Watson said, “Thankee, mate,” and returned to his post farther along the plateau.
When Strawbridge went back to his beat and bent over the rock to retrieve his musket, his hand swept the empty air. Musket and bayonet had gone.
For the space of about a minute Strawbridge was incredulous. Barely sixty seconds had elapsed since he had laid his musket against the rock, and for at least two thirds of that period, while he was groping for the tobacco, he had been standing within two or three feet of the grounded stock. He scratched his head, grunted with dismay and then moved around to the other side of the rock, thinking it must have fallen into the scrub. Going down on hands and knees, he struck his flint, but as he did so he heard the sound of a dislodged pebble farther down the slope and the rattle told him what had happened to the musket. In the few seconds that it had taken him to hand Watson the tobacco one of the partisans must have crept up to the rock, reached over and whipped musket and bayonet into the bushes.

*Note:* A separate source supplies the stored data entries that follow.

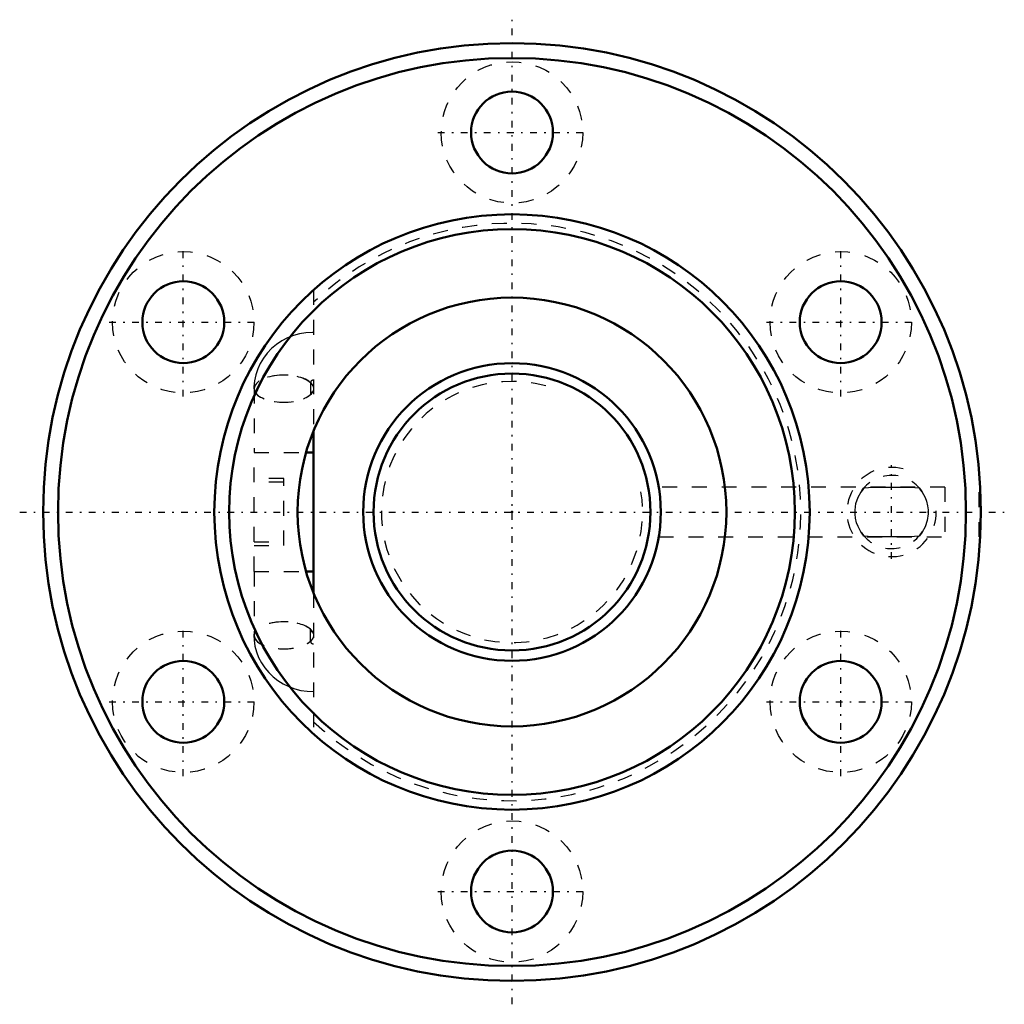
# Model space of a CAD drawing. Header units: millimetres. Extents: x -33.1 to 33.1, y -33.1 to 33.1.
import ezdxf

# ---------------------------------------------------------------- set-up
doc = ezdxf.new("R2010")
doc.units = ezdxf.units.MM
doc.linetypes.add('Center', pattern=[1.5, 0.45, -0.5, 0.05, -0.5])
doc.linetypes.add('Dashed', pattern=[2, 1, -1])
for name, color, linetype, lineweight in [('2d ConnectionPoints', 7, 'Continuous', 50), ('AM_0', 7, 'Continuous', 50), ('AM_5', 3, 'Continuous', 25), ('AM_7', 7, 'Center', 25), ('AM_9', 6, 'Dashed', 25)]:
    doc.layers.add(name, color=color, linetype=linetype, lineweight=lineweight)

# ---------------------------------------------------------------- blocks, each defined once
blk = doc.blocks.new('1_BIF2004V_10RR_Nut_0_in_BIF2004V_10RRG0_83LC0_000_2')
at = {"layer": 'AM_0'}
for p, q in [((-13.33, 5.447), (-13.33, -5.447)), ((-13.833, 4), (-13.33, 4)), ((-13.833, -4), (-13.33, -4))]:
    blk.add_line(p, q, dxfattribs=at)
for centre, radius in [((0, 0), 31.5), ((0, 0), 30.5), ((0, 25.5), 2.75), ((0, 0), 20), ((0, 0), 19), ((-22.084, 12.75), 2.75), ((22.084, 12.75), 2.75), ((0, 0), 14.4), ((-22.084, -12.75), 2.75), ((22.084, -12.75), 2.75), ((0, -25.5), 2.75)]:
    blk.add_circle(centre, radius, dxfattribs=at)
at = {"layer": 'AM_5', "linetype": 'Dashed'}
blk.add_arc((25.5, 0), 3, 75, 15, dxfattribs=at)
at = {"layer": 'AM_7'}
for p, q in [((0, -33.075), (0, 33.075)), ((-4.987, 25.5), (4.987, 25.5)), ((-22.084, 7.763), (-22.084, 17.738)), ((22.084, 7.763), (22.084, 17.738)), ((-27.071, 12.75), (-17.096, 12.75)), ((17.096, 12.75), (27.071, 12.75)), ((25.5, -3.15), (25.5, 3.15)), ((-33.075, 0), (33.075, 0)), ((-22.084, -17.738), (-22.084, -7.763)), ((22.084, -17.738), (22.084, -7.763)), ((-27.071, -12.75), (-17.096, -12.75)), ((17.096, -12.75), (27.071, -12.75)), ((-4.987, -25.5), (4.987, -25.5))]:
    blk.add_line(p, q, dxfattribs=at)
at = {"layer": 'AM_9'}
for p, q in [((-13.33, 14.91), (-13.33, 5.447)), ((-13.54, 8.682), (-13.54, 7.891)), ((-17.32, 8.286), (-17.32, 4)), ((-17.33, 4), (-13.833, 4)), ((-17.33, -4), (-17.33, 4)), ((-15.33, 2.25), (-17.33, 2.25)), ((-15.33, 2), (-17.33, 2)), ((-15.33, -2.25), (-15.33, 2.25)), ((29.09, 1.675), (9.862, 1.675)), ((29.09, 1.675), (29.09, -1.675)), ((31.39, -1.675), (31.39, 1.675)), ((31.456, 1.675), (31.39, 1.675)), ((9.859, -1.675), (29.09, -1.675)), ((31.39, -1.675), (31.457, -1.675)), ((-17.33, -2), (-15.33, -2)), ((-17.33, -2.25), (-15.33, -2.25)), ((-17.33, -4), (-13.833, -4)), ((-17.32, -4), (-17.32, -8.286)), ((-13.33, -5.447), (-13.33, -14.91)), ((-13.54, -8.682), (-13.54, -7.891))]:
    blk.add_line(p, q, dxfattribs=at)
for points in [[(-13.33, 12.068), (-13.413, 12.068), (-13.844, 12.038), (-14.27, 11.965), (-14.686, 11.849), (-15.087, 11.69), (-15.467, 11.491), (-15.823, 11.253), (-16.149, 10.981), (-16.442, 10.676), (-16.698, 10.344), (-16.914, 9.987), (-17.087, 9.612), (-17.216, 9.223), (-17.3, 8.823), (-17.338, 8.419), (-17.34, 8.286)], [(-13.401, 8.06), (-13.394, 8.062), (-13.373, 8.066), (-13.353, 8.068), (-13.335, 8.068), (-13.33, 8.068)], [(23.645, -1.613), (23.562, -1.513), (23.46, -1.372), (23.247, -0.984), (23.149, -0.72), (23.078, -0.425), (23.047, -0.155), (23.044, 0.12), (23.11, 0.577), (23.248, 0.987), (23.448, 1.355), (23.557, 1.506), (23.645, 1.613)], [(23.645, 1.613), (24.273, 1.66), (24.927, 1.674), (25.5, 1.675)], [(25.5, 1.675), (25.526, 1.675), (26.148, 1.674), (26.757, 1.659), (27.355, 1.613)], [(27.355, 1.613), (27.438, 1.513), (27.54, 1.372), (27.753, 0.984), (27.851, 0.72), (27.922, 0.425), (27.953, 0.155), (27.956, -0.12), (27.89, -0.577), (27.752, -0.987), (27.552, -1.355), (27.443, -1.506), (27.355, -1.613)], [(25.5, -1.675), (25.474, -1.675), (24.852, -1.674), (24.243, -1.659), (23.645, -1.613)], [(27.355, -1.613), (26.727, -1.66), (26.073, -1.674), (25.5, -1.675)], [(-17.34, -8.286), (-17.326, -8.604), (-17.268, -9.004), (-17.165, -9.394), (-17.02, -9.77), (-16.834, -10.13), (-16.609, -10.469), (-16.347, -10.783), (-16.051, -11.069), (-15.724, -11.325), (-15.37, -11.547), (-14.992, -11.732), (-14.594, -11.878), (-14.18, -11.984), (-13.756, -12.048), (-13.33, -12.068)], [(-13.33, -8.068), (-13.345, -8.068), (-13.364, -8.067), (-13.383, -8.064), (-13.402, -8.06), (-13.402, -8.06)]]:
    blk.add_lwpolyline(points, dxfattribs=at)
for centre in [(0, 25.5), (-22.084, 12.75), (22.084, 12.75), (-22.084, -12.75), (22.084, -12.75), (0, -25.5)]:
    blk.add_circle(centre, 4.75, dxfattribs=at)
for centre, radius, start, end in [((0, 0), 19.4, 226.59796, 133.40204), ((25.5, 0), 2.459, 33.24727, 147.34534), ((25.5, 0), 2.458, 359.34941, 0.67562), ((25.5, 0), 2.458, 213.6428, 327.7636)]:
    blk.add_arc(centre, radius, start, end, dxfattribs=at)
for centre, major_axis, ratio, start_param, end_param in [((-15.34, 8.286), (-2, 0), 0.45399, 3.592619, 8.973751), ((-15.32, 8.286), (2, 0), 0.45399, 0.100042, 3.141593), ((-13.34, 8.682), (-0.2, 0), 0.891007, 4.662368, 6.283185), ((-15.32, 8.286), (2, 0), 0.45399, 3.141593, 6.183144), ((-13.34, 7.891), (-0.2, 0), 0.891007, 4.662368, 6.283185), ((-15.34, -8.286), (2, 0), 0.45399, 1.565796, 3.000053), ((-15.32, -8.286), (2, 0), 0.45399, 1.575796, 3.141593), ((-15.32, -8.286), (2, 0), 0.45399, 0.100042, 1.575796), ((-15.34, -8.286), (2, 0), 0.45399, 0.451027, 1.565796), ((-13.34, -7.891), (0.2, 0), 0.891007, 3.141593, 4.39453), ((-15.34, -8.286), (2, 0), 0.45399, 3.000053, 3.141731), ((-15.34, -8.286), (2, 0), 0.45399, 3.141731, 5.832158), ((-15.32, -8.286), (2, 0), 0.45399, 3.141593, 6.183144), ((-13.34, -7.891), (0.2, 0), 0.891007, 4.39453, 4.76241), ((-13.34, -8.682), (0.2, 0), 0.891007, 3.141593, 3.239266), ((-13.34, -8.682), (0.2, 0), 0.891007, 3.239266, 4.76241)]:
    blk.add_ellipse(centre, major_axis=major_axis, ratio=ratio, start_param=start_param, end_param=end_param, dxfattribs=at)
blk = doc.blocks.new('2_BIF2004V_10RR000_Shaft_0_in_BIF2004V_10RRG0_83LC0_000_2')
at = {"layer": 'AM_0'}
for radius in [10, 9.3]:
    blk.add_circle((0, 0), radius, dxfattribs=at)
at = {"layer": 'AM_5', "linetype": 'Dashed'}
blk.add_arc((0, 0), 8.773, 75, 15, dxfattribs=at)

msp = doc.modelspace()

# ---------------------------------------------------------------- linework, layer by layer
at = {"layer": '2d ConnectionPoints'}
msp.add_point((0, 0), dxfattribs=at)
msp.add_point((0, 0), dxfattribs=at)

# ---------------------------------------------------------------- block references
for name in ['1_BIF2004V_10RR_Nut_0_in_BIF2004V_10RRG0_83LC0_000_2', '2_BIF2004V_10RR000_Shaft_0_in_BIF2004V_10RRG0_83LC0_000_2']:
    msp.add_blockref(name, (0, 0))

doc.saveas('drawing.dxf')

A shudder of rage ran through Strawbridge. Even before the outrageous theft had been perpetrated he had entertained a sour dislike for the irregulars. Watson distrusted them, and all the opinions of Strawbridge stemmed from Watson. Watson had said only that afternoon that Portuguese irregulars were worse than the French, adding his opinion that if Old Beaky would patch up his quarrel with Boney and declare war on the Portuguese and Spaniards it would be a fine thing for all of them. Now Strawbridge realized what lay behind Watson’s far-seeing remark. Obviously the Portuguese were utterly devoid of morality, for men who could creep up on an ally in the night and steal his musket were capable of any enormity. Suddenly he began to gibber with rage, running about in the scrub and calling the Portuguese all the names that occurred to him—”bliddy snakes,” “double-dyed magpies” and “prowling, yeller-bellied crabs.” His vocabulary was limited and Watson could have introduced far more variety into the flow of invective, but for a mild and very amiable man Strawbridge acquitted himself well.
He was still prancing about in the bushes, bellowing at the top of his voice, when Watson appeared, demanding to know what all the noise was about, but by this time Strawbridge was so enraged and excited that he was incoherent. It was only when he kept pointing at Watson’s musket that the Cockney suddenly realized what had occurred and at once expressed his opinion of all foreigners in a stream of blasphemy that gave his friend a moment or two to calm down, so that he clutched Watson by the sleeve and roared, “I’m agoin’ arter un, Billy! I’m agoin’ down there arter un an’ if they’ve ’armed ’er with their clumsy gurt fingers I’ll ’ave the blood out o’ their bellies, so help me God!” And before Watson could utter a word of caution he was gone, plunging down the slope with great, loping strides and splashing across the stream into the heart of the sleeping encampment.
Watson screamed after him, telling him to wait, but he paid no heed to the warning. When Lockhart, roused by the uproar, descended from the wood Watson gabbled the story and Lockhart added his shouts. Within a few moments the others were there, standing in a group on the edge of the rock platform, all shouting to Strawbridge to return to the bivouac.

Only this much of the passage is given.